Cuttlefish Scientific Name: Sepia officinalis A cuttlefish are known for their ability to quickly change their skin This is used for mating communication during mating rituals and also to hide from predators. If their first attempt at hiding fails, they can speed away resulting in a cloud of bad tasting black ink. The Pharaoh cuttlefish is a major aspect of Asian commercial fishing industry for which they are fished for their meat.
Scientific Name: Euathlus smithi As a invertebrate, tarantula do not have any internal skeleton or bones causing them to be delicate. To make up for this they have an exoskeleton that is shed regularly. Instead they have an exoskeleton that must be shed (molted) on a regular basis. While molting occurs, the old skeleton is split while the tarantula lays on its back pulling off its body leaving itself in vulnerability
Umbrella Jellyfish Scientific Name: Eutonina indicans This jellyfish gets it’s name from it’s appearance of an umbrella and is transparent, almost invisible. The most noticeable parts of the umbrella jelly’s body are its four radial canals. The mouth has four frilly lips and extends below the bell margin on a conical peduncle. When food is eaten by the jellyfish, the mouth swings over to “lick” the food off its tentacles.
The European Medicinal Leech Scientific Name: Hirudo medicinalis Completely mature adults can grow up to 20 cm in length in the shades of green, brown, or mix of both color with a darker shade on the dorsal side and lighter shade on the ventral side. Also, the dorsal side has a thin red stripe. The leech has two suckers on each end of its body, one called the anterior and the other the posterior end. They were used to remove blood from patients as part of a process to "balance" the “humors" that kept the body functioning. Presently, they used to reduce blood coagulation, to relieve venous insufficiency, and in reconstructive surgery
Brown Rock Urchin Scientific Name: Arbacia punctulata When not hiding, they shy away under shells or are cover themselves unto the sands or rocks. The name of sea urchin comes from the Old English name for a spiny hedgehog. An urchin’s mouth is underneath due to constant grazing while moving. The anus is on top of the urchin between the spines. In addition, waste can be excreted as a form of defense.
Giant Green Anemone Scientific Name: Anthopleura xanthogrammica This species is usually a solitary, large anemone. Its coloration comes from green pigments in its skin as well as symbiotic algae that live in the lining of its gut. When exposed to sunlight this anemone “farms” some of its nutrition from the material created by this algae. Once prey comes in contact with the tentacles of the anemone, it is paralyzed and taken hold. Of into its mouth and excreted through the same opening.

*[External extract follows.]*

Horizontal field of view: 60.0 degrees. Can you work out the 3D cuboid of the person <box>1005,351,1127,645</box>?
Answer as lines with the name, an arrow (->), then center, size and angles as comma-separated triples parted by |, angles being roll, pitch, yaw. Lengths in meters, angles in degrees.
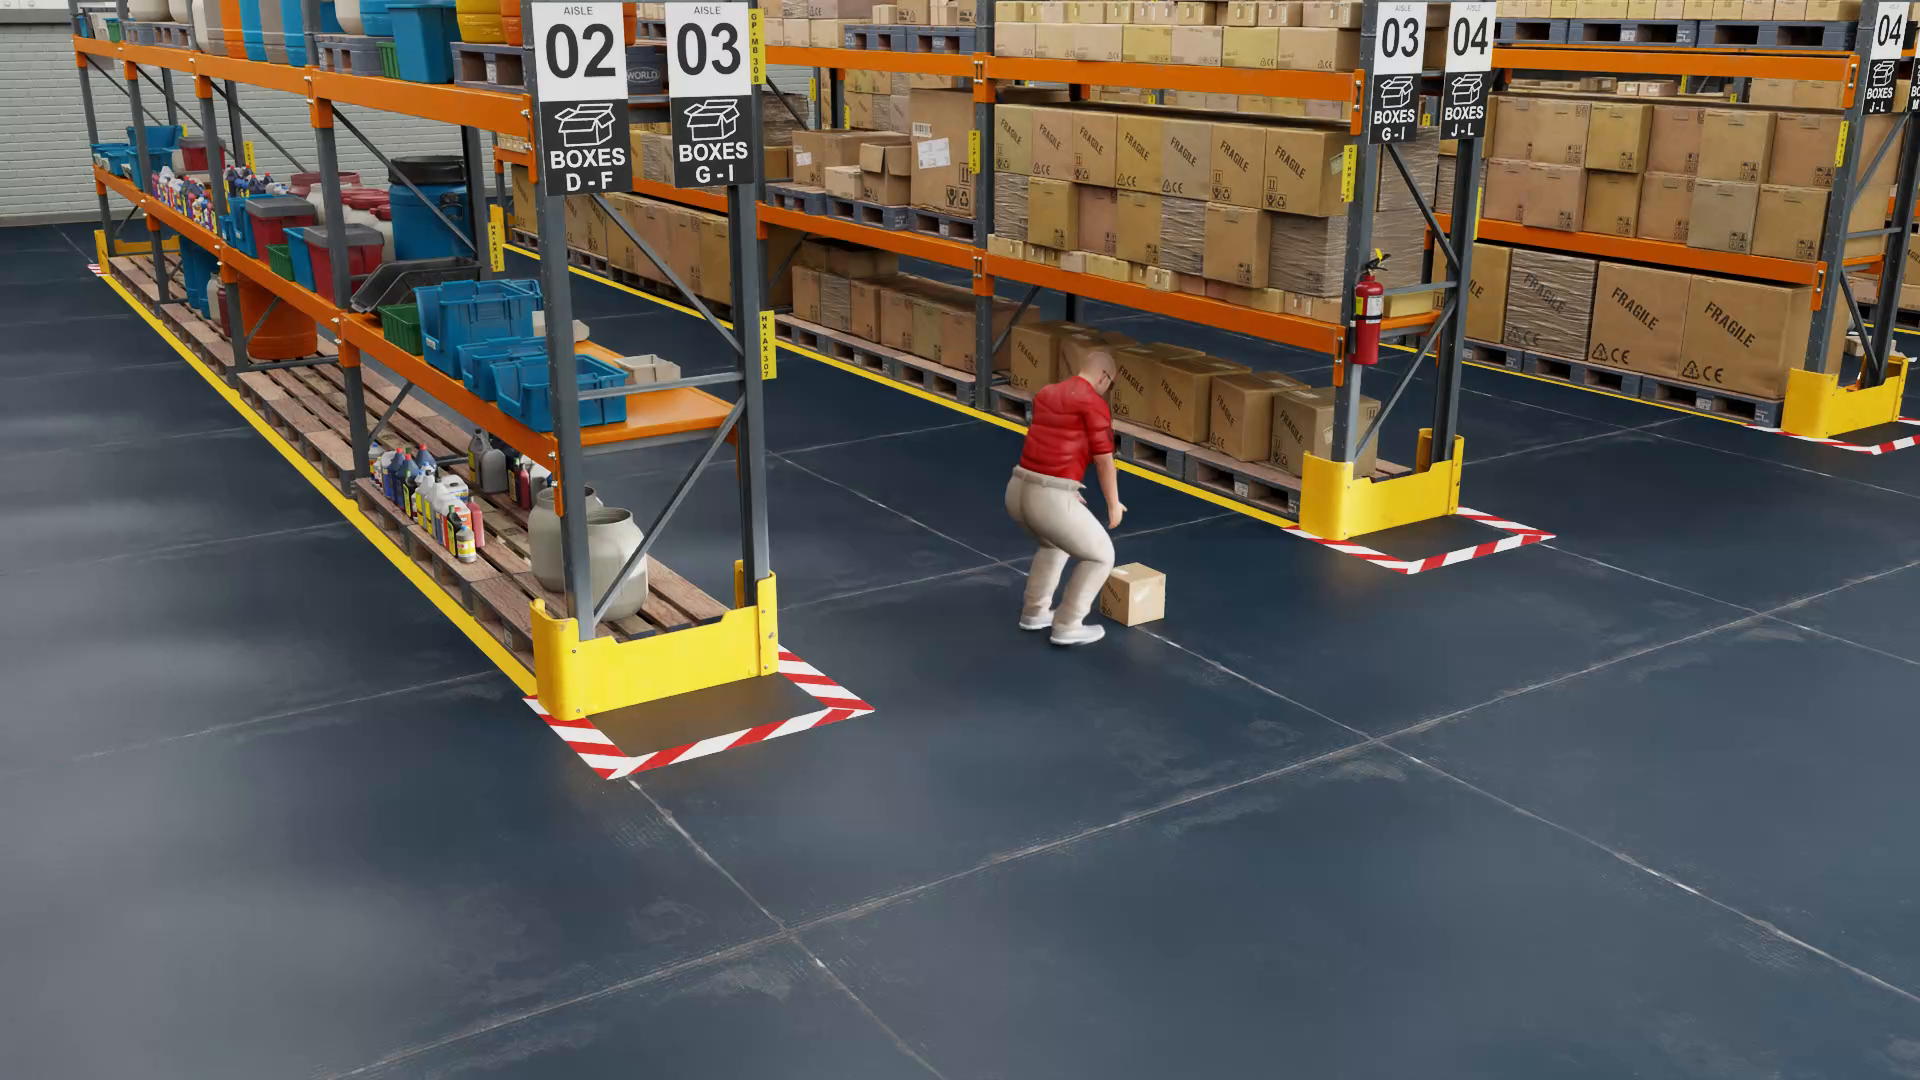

Oyster Scientific Name: Crassostrea virginica Oysters cause the forming of reefs, which play a huge role in the environment by maintaining the aquatic balance. They provide valuable shelter and habitat for many other estuarine organisms, improve water quality by filter feeding, and reduce bank erosion through stabilization. Oysters are flexible when it comes to weather conditions, water salinity, concentration of sediments in water. Different flavors of oysters result from different environments. The production of a pearl results from an object getting caught in the shell, in which it produces nacre that coats the object from irritation These oysters are a good source of zinc, vitamin B-12, and omega 3 fatty acids.
Tube Sponges Scientific Name: Callyspongia vaginalis This specie of sponge is one of the most common. It is classified by its long tube-shaped growths, and ranges in color from purple to green, though this particular one is one of the few that’s blue in color.